In aggravation to the hefty taxes, Zimbabwe has been battling with a serious currency crisis. The surrogate bond note (and its accompanying RTGs, transfer and mobile money balances) has become the main transacting currency. Having replaced the US dollar through the commonly talked about Gresham’s Law of bad money chasing good money, the economy’s currency situation has become a major deterrent for existing and potential investors.
A stable currency determines the potential desirability of a host nation. Unstable economies such as Venezuela and Argentina are currently plagued with capital flights due to currency instabilities. Likewise, Zimbabwe is publicizing potential investment mega deals which have not yet materialized.
The limited progress and lack of commitment to embark on capital projects is hampered by the currency instabilities, given that foreign investors cannot do investment appraisals on ‘unknown’ future currency positions. The Zimbabwean monetary situation is further exacerbated by the mixed signals from the economic chauffeurs.
Major uncertainty now grips the economy given the expressions by the MOF that Zimbabwe is not going to dollarize and neither is it going the rand monetary union direction. Whilst maintaining the 1:1 parity condition and denying the apparent loss of value of the surrogate currency, the new announcement of Zimbabwe probably going to introduce a new currency has triggered a new wave of panic and currency uncertainty.
The land question
By and large, Zimbabwe is an agro-based economy. As such, any meaningful attempt to open up the economy requires a policy shift with regards to the land question. Of course, one cannot expect the government to reverse the Land Reform program, but a more organized and well-calculated land rights policy is long-overdue. The current position that land is owned by the government implies that our land is closed for foreign investors.
High public sector corruption, poor corporate governance and poor parastatal performance
Over and above, the foreign investors’ consideration of how a government treats its own people and businesses; a consideration of how government corporations and parastatals are run is an additional criteria for evaluating potential investment zones.
Zimbabwean parastatals are well known for having high instances of corruption, cronyism and nepotism. The extent to which corporate governance standards and ethical principles are practiced has also been pitiable. Given these indigestible scenarios, parastatal poor performance has been inescapable.

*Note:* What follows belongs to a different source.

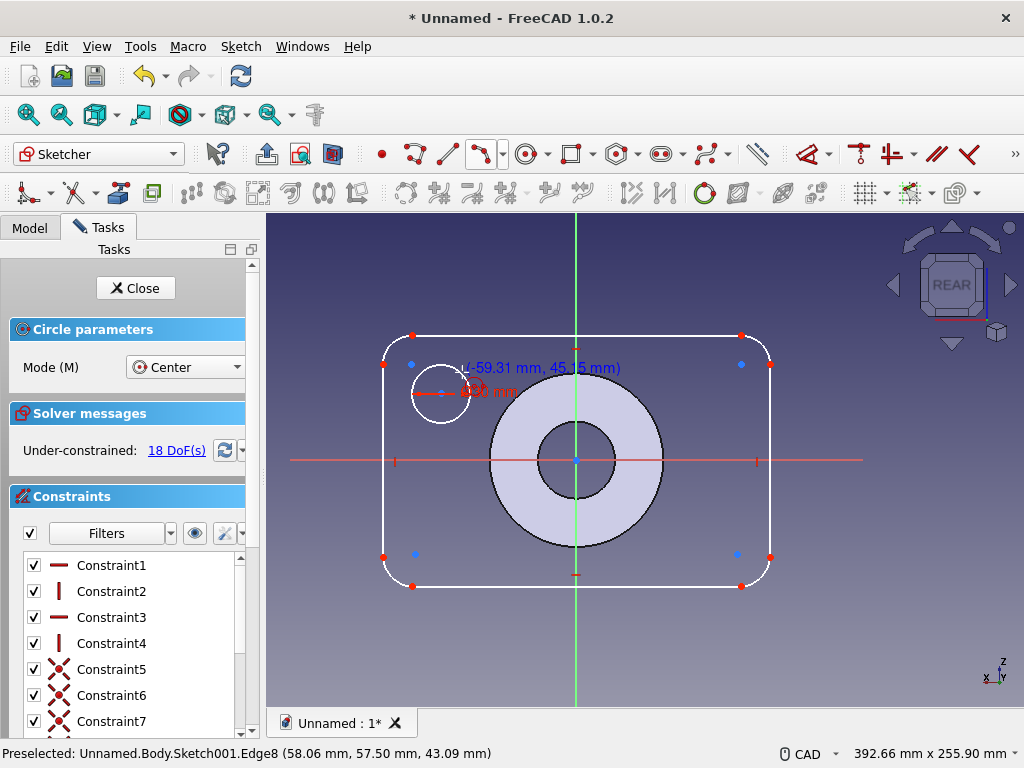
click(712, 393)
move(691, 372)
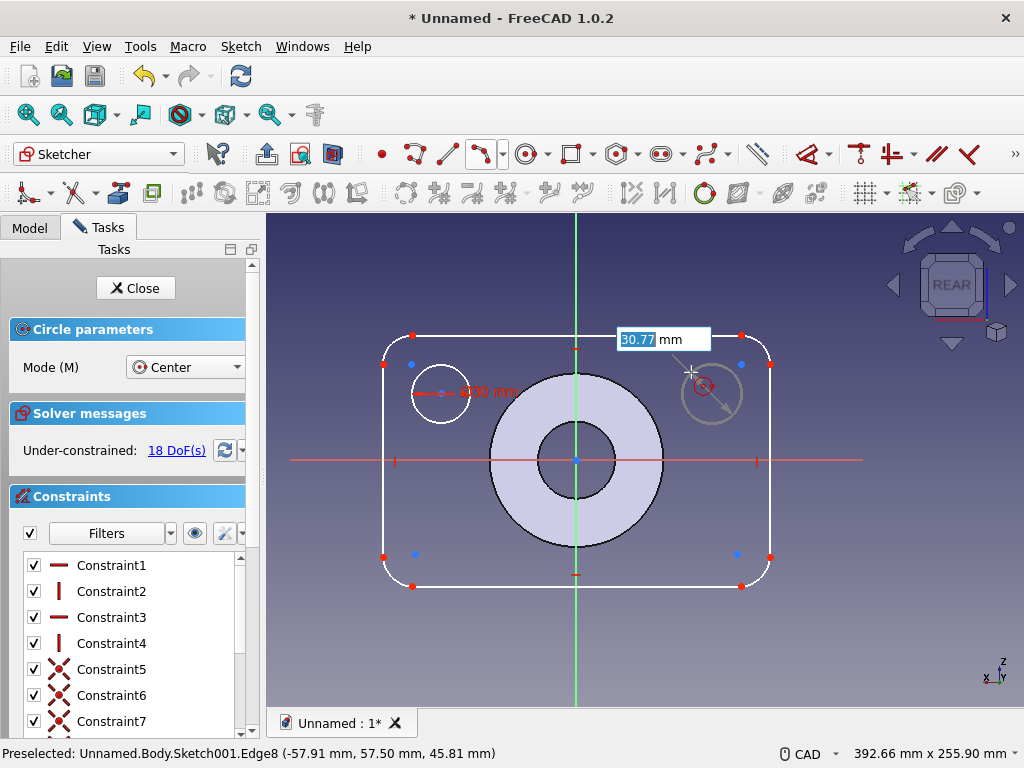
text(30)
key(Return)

Therefore, viewed from the lens of a potential investor; a government which fails to properly run its own public entities will likely pose operational bottlenecks to the foreign business investment. In order for the government to survive, finance its own operations and sustain public corporations’ losses; the host nation is more likely going to overtax its own locals and private business. Heavily taxed economic inhabitants entail reduced aggregate demand whilst increased tax on private firms imply a reduction in profitability.
This scenario largely summarizes the case for Zimbabwe, where government expenditures are largely financed through a hefty tax policy on the economic agents.
So one sure way to make Zimbabwe to open up for business is to first resuscitate the bedridden state parastatals for example NRZ and Air Zimbabwe which are so strategic for business. Relentless focus should also be put on promoting good corporate governance standards and reducing the endemic public sector corruption in all state parastatals.
It is every nation’s strategic desire to be open for business. However, for a nation to be deemed as an ‘open for business’ environment, significant policy transformations (domestic and foreign) and regulatory improvements are inevitable and obligatory.
Publicity campaigns of openness for business should be validated with tangible domestic and international commitments to improving ease of doing business ratings, macro-economic fundamentals and a political paradigm shift from repressive to democratic governance systems.